(Records from a dataset)
Start of Block

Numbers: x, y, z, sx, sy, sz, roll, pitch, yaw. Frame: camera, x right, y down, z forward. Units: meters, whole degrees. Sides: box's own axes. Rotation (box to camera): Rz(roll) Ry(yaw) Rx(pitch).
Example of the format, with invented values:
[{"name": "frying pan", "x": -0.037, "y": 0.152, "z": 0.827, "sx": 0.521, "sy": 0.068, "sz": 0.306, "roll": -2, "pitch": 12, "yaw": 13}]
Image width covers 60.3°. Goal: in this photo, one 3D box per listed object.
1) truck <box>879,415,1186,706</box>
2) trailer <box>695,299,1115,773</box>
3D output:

End of Block
Start of Block

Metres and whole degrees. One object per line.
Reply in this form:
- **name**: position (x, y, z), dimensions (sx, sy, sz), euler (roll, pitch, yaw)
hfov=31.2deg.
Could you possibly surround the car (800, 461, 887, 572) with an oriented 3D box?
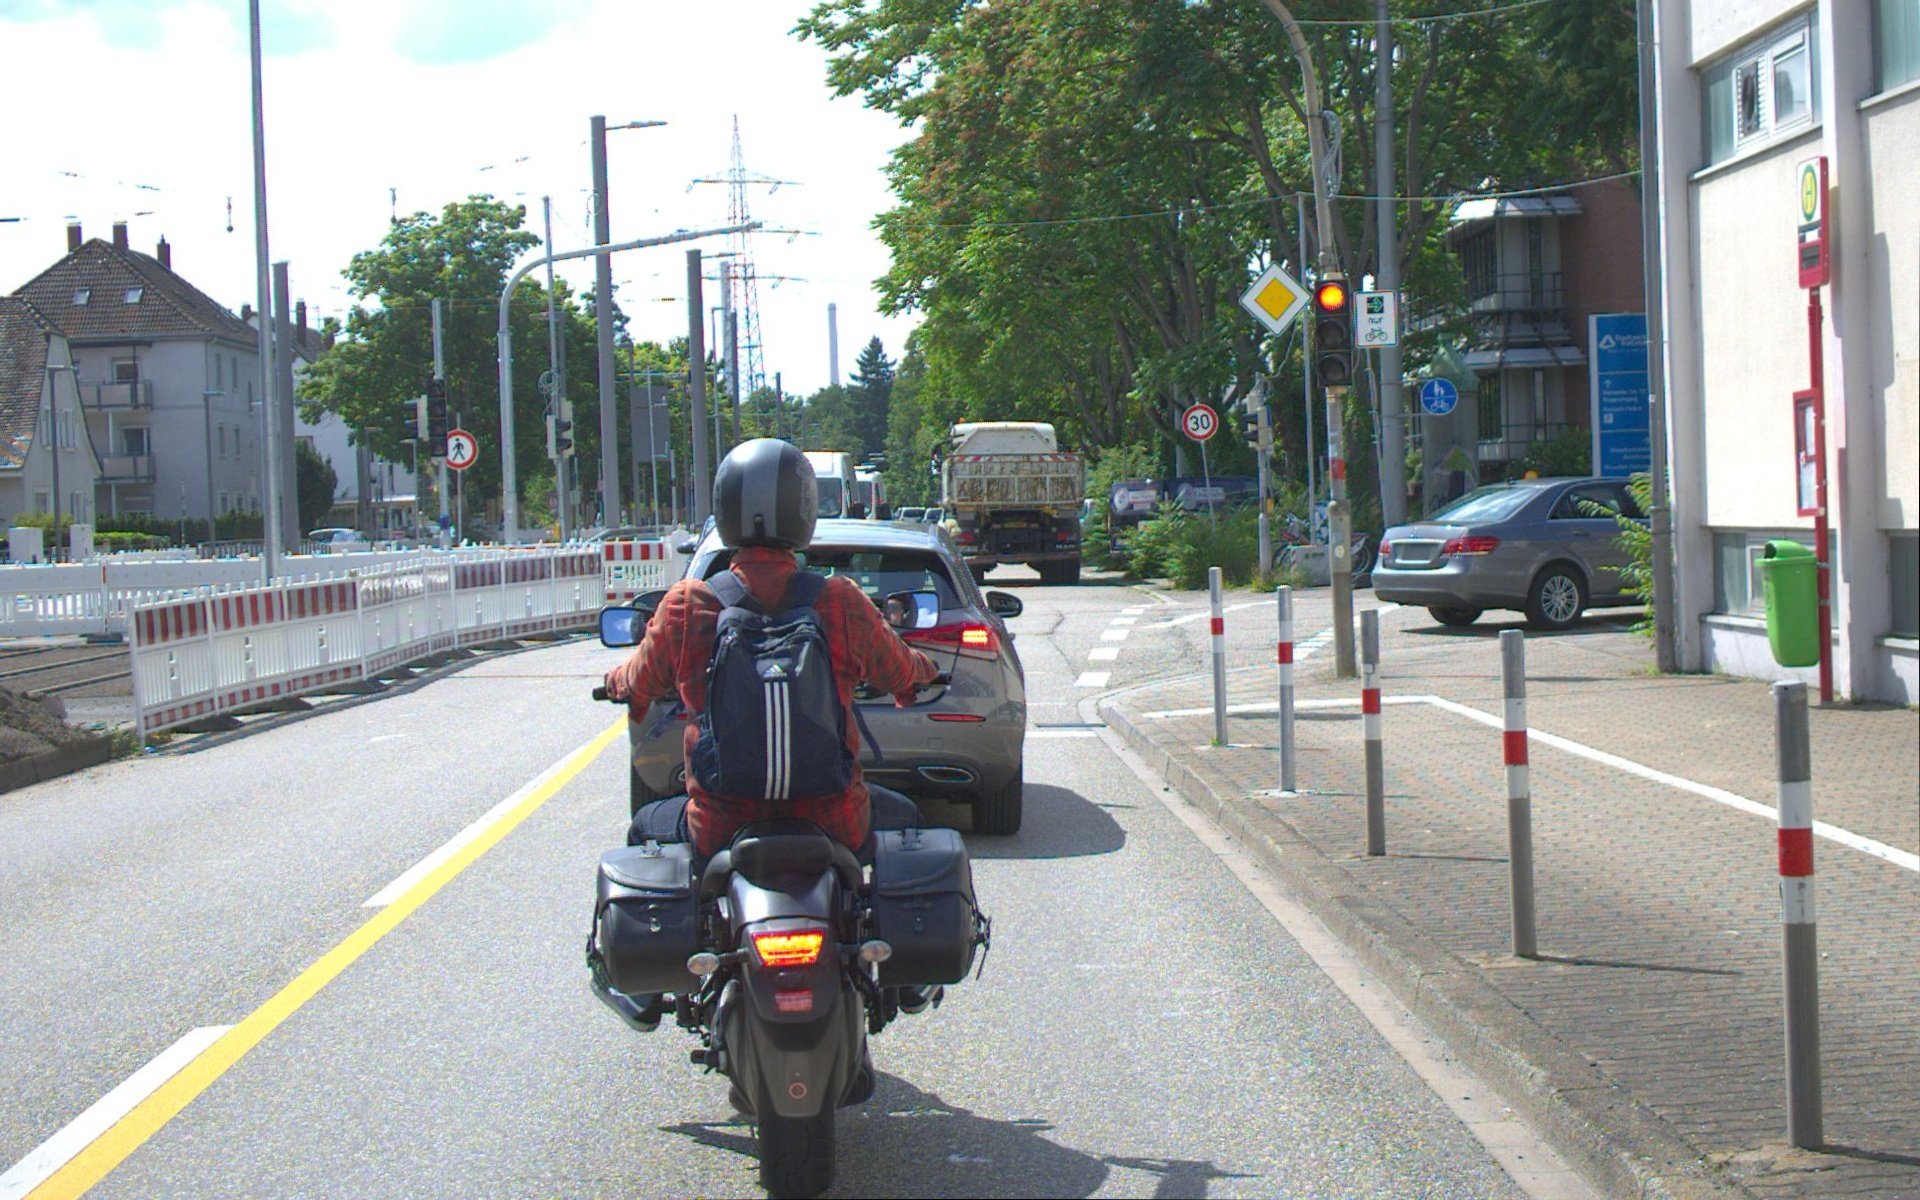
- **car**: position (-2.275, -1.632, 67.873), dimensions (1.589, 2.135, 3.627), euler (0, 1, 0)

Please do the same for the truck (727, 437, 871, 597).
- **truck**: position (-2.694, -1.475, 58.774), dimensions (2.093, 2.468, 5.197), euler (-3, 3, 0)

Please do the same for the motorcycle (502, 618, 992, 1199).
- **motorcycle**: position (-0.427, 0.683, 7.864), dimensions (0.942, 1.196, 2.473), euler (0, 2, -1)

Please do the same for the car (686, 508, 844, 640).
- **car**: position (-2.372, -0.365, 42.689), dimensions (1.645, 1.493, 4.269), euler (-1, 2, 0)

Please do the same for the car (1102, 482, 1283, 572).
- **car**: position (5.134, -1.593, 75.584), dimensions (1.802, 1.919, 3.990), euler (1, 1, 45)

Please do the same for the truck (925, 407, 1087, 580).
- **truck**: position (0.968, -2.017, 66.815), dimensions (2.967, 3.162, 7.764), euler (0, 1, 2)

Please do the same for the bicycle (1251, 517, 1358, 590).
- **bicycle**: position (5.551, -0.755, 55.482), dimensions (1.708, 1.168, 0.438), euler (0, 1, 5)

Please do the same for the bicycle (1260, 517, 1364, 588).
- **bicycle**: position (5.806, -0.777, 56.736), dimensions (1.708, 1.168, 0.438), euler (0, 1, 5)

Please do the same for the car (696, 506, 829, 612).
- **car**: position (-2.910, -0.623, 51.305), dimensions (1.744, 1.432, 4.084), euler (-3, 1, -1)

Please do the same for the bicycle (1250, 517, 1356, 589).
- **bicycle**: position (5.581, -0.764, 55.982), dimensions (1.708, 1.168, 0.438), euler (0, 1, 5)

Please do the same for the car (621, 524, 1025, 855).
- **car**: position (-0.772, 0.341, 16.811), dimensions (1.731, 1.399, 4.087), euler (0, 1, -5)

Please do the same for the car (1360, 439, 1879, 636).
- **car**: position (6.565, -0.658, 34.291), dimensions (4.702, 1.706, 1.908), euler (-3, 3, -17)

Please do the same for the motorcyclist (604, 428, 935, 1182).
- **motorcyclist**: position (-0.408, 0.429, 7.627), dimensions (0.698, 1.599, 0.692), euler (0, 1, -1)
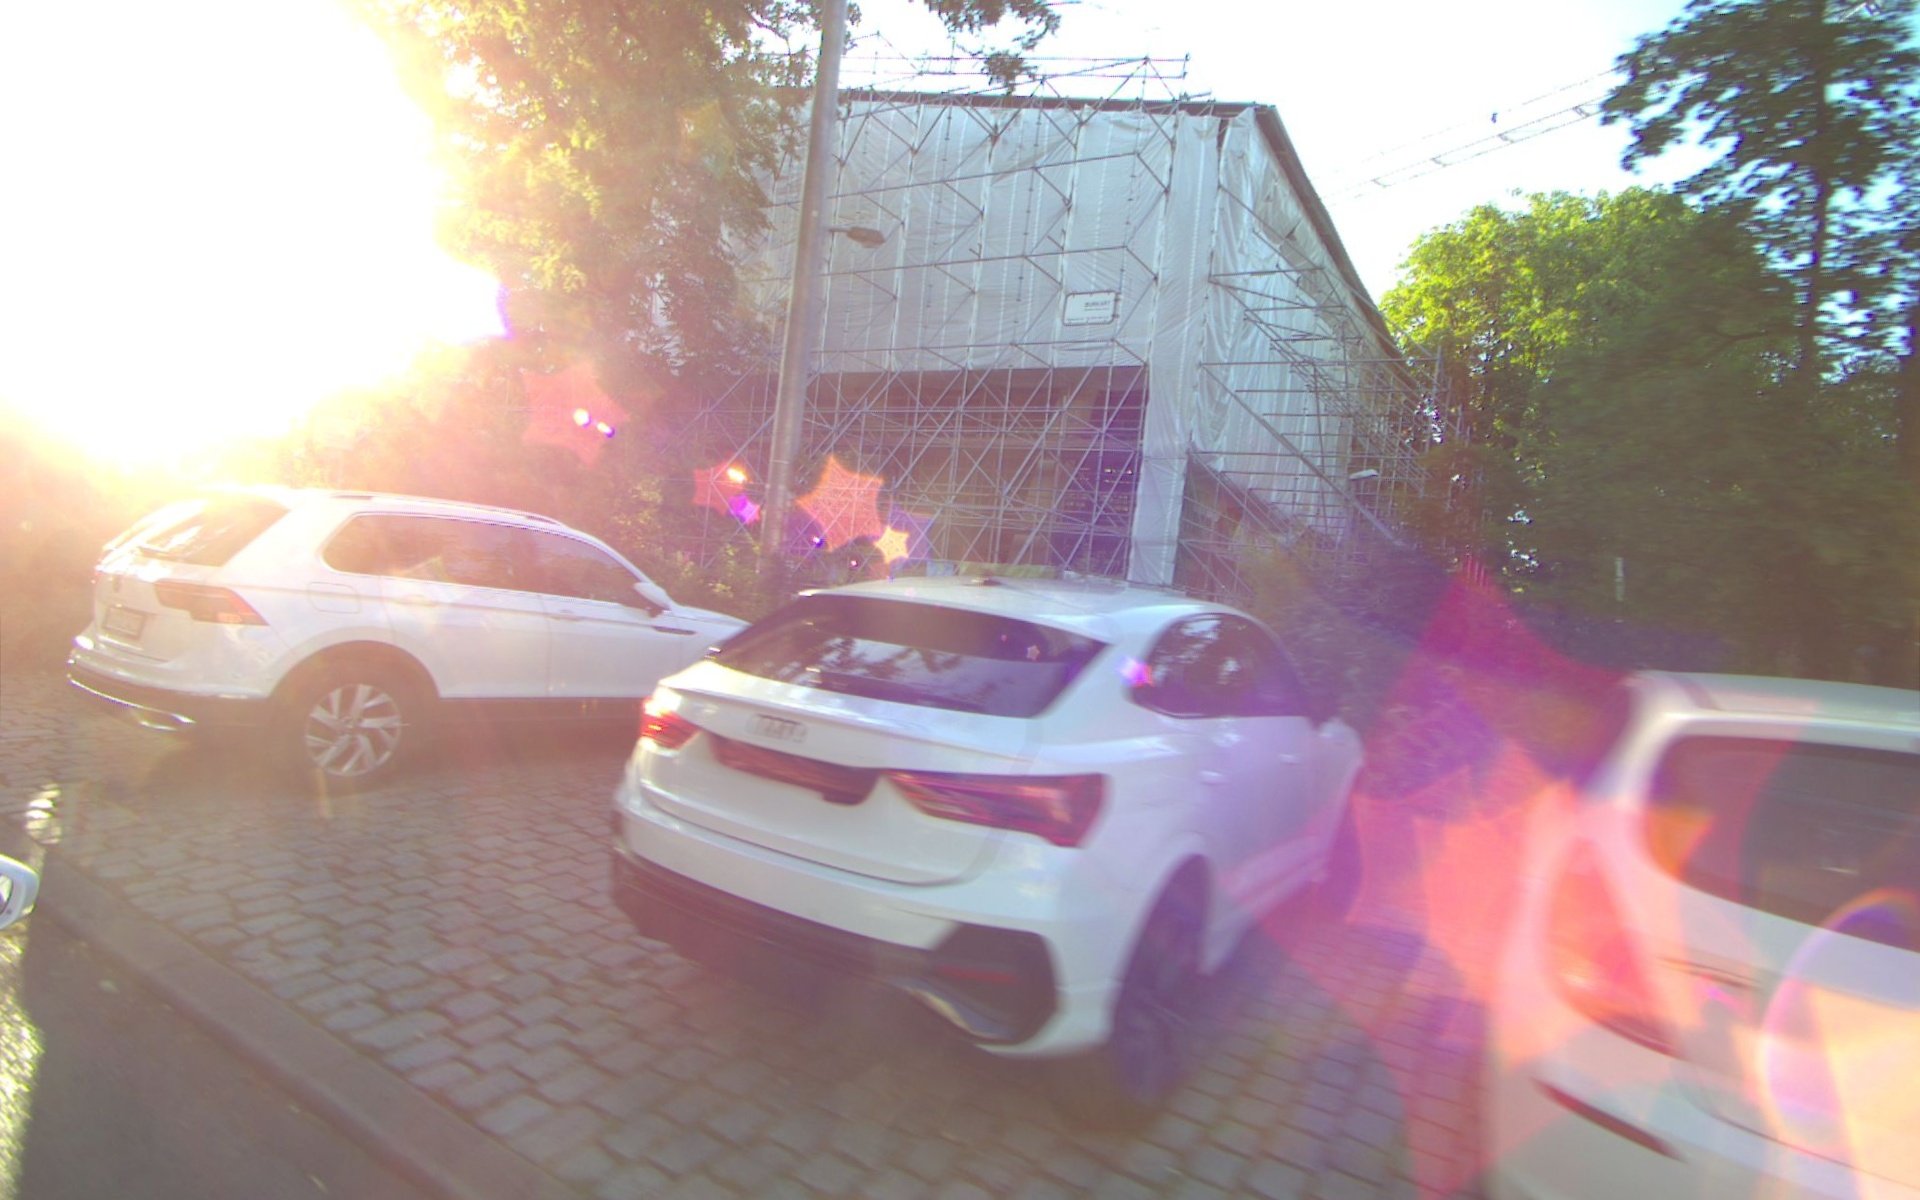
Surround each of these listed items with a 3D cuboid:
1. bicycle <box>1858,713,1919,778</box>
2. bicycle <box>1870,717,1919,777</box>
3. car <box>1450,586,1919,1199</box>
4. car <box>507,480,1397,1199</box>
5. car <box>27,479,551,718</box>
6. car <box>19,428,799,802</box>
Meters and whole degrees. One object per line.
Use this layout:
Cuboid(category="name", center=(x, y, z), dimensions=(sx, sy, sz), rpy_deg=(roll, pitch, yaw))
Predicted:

End of Block

**Exercise**
Read the data above. Pull out each line in which the string "object" appears.

**Worked solution**
Image width covers 60.3°. Goal: in this photo, one 3D box per listed object.
Metres and whole degrees. One object per line.
Meters and whole degrees. One object per line.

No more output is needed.